Booking "fait le ménage" dans les locations de vacances

Après AirBnB, Booking fixe des contraintes lourdes aux propriétaires de locations de vacances (et non les hôteliers et les maisons d'hôtes, voir plus loin). Si les notes de propreté baissent, le bien sera immédiatement radié de son listing ...

Booking ne plaisante pas avec la propreté et la sécurité sanitaire des clients ... de locations de vacances (villas, maisons, appartements référencés sur son site). Depuis cette semaine, pour se distribuer sur Booking (ou se maintenir dans son "catalogue"), le propriétaire (ou le gestionnaire) de la location de vacances devra montrer "patte blanche" et démontrer, qu'en matière de propreté et de sécurité sanitaire, son score (voir plus bas) est impeccable. Sinon, au revoir, du balai (c'est le cas de le dire) !
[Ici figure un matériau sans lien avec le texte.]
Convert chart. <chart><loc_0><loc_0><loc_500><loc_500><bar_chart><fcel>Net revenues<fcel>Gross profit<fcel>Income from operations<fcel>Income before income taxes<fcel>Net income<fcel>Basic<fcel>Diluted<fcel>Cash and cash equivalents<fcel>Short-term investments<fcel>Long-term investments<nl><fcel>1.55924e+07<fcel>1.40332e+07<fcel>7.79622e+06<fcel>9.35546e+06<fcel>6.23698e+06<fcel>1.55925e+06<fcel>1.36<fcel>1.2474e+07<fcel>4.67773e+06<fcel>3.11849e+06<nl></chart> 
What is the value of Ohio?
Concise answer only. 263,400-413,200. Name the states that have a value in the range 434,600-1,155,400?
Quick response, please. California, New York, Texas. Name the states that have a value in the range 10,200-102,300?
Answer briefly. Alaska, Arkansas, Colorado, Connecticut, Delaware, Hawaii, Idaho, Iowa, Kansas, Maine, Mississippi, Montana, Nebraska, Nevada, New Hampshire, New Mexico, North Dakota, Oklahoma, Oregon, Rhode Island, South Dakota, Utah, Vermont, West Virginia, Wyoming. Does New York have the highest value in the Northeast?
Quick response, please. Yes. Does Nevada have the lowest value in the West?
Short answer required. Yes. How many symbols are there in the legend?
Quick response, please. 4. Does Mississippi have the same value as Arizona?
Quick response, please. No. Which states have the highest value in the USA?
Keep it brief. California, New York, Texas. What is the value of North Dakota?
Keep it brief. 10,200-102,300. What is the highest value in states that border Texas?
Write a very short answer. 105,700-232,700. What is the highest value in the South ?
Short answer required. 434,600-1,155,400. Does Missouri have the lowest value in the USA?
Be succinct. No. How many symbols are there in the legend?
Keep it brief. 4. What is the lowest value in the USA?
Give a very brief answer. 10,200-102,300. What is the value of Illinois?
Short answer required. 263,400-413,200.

Les hôtels et les maisons d'hôtes, eux, sont exemptés de ce processus très strict car Booking considér qu'ils sont gérés par des pros soumis à des normes et des exigences plus "carrées". La propreté et la sécurité des clients y est donc un pré-requis, une évidence.

Pourquoi cette mesure si radicale, annoncée jeudi dernier et désormais appliquée au plan mondial ?

  • d'abord, même si les plaintes sont peu nombreuses (1% de propriétés concernées, selon Booking), c'est déjà trop : dans un contexte hyper-flippé de pandémie, aucun OTA (et, à plus forte raison, le champion des champions) ne veut se payer le luxe d'un bad buzz sur des locations de vacances en dessous de toute exigence minimale de propreté et de sécurité sanitaire,
  • d'autre part, selon le patron de la division "logements alternatifs et appartements", Eric Bergaglia, les mots-clés "propreté" et "hygiène" (recensés dans les avis clients) ont augmenté de plus de 60% sur la plateforme depuis le début de la pandémie; c'est dire si le sujet préoccupe les clients de Booking,
  • enfin, dans un contexte d'entrée en bourse de son rival AirBnB, Booking entend s'imposer comme le champion des locations de vacances et donc, "serrer de près" son challenger et ses effets d'annonce; notamment celles, faites vendredi par AirBnB, d'imposer des protocoles de nettoyage drastiques à tous ses propriétaires et à exercer, soi-même, des contrôles "sur place" de ses logements,
Nouveau call-to-action

Si AirBnB annonce que, depuis cette semaine, 100% de ses propriétés appliquent un protocole strict, Booking affirme qu'il a la même garantie pour 14 millions de propriétés référencées dans son catalogue.


Depuis juin dernier, AirBnB a pris l'initiative d'imposer un protocole sanitaire hyper sttrict à tous ses "hosts". Depuis vendredi, leur application est mentionnée sur la page de chaque annonce concernée; ce qui est un "plus"

Si le champion des OTAs s'ajuste aux réactions de son challenger, pour autant, Booking n'impose aucun protocole aux propriétaires de "logements alternatifs" (c'est ainsi que sont distinguées les locations de vacances des hôtels et des maisons d'hôtes). L'OTA se contente de lister un certain nombre de bonnes pratiques et d'orienter, le cas échéant, les propriétaires vers des pros du nettoyage.

Toutefois, Booking va surveiller de près les notes et commentaires postés par "ses clients": l'OTA précise qu'il va tenir à jour la note de propreté de chaque adresse sur une période donnée (on parle de six mois) et, si la situation s'aggrave ou n'évolue pas favorablement - aux dires des "avis clients" - le bien sera purement et simplement radié des pages de Booking ! Pour son manager des "logements alternatifs": "Les avis de nos clients, qui reposent sur un séjour effectif, garantissent que seules les propriétés à la hauteur de la qualité de propreté minimale restent disponibles pour la réservation".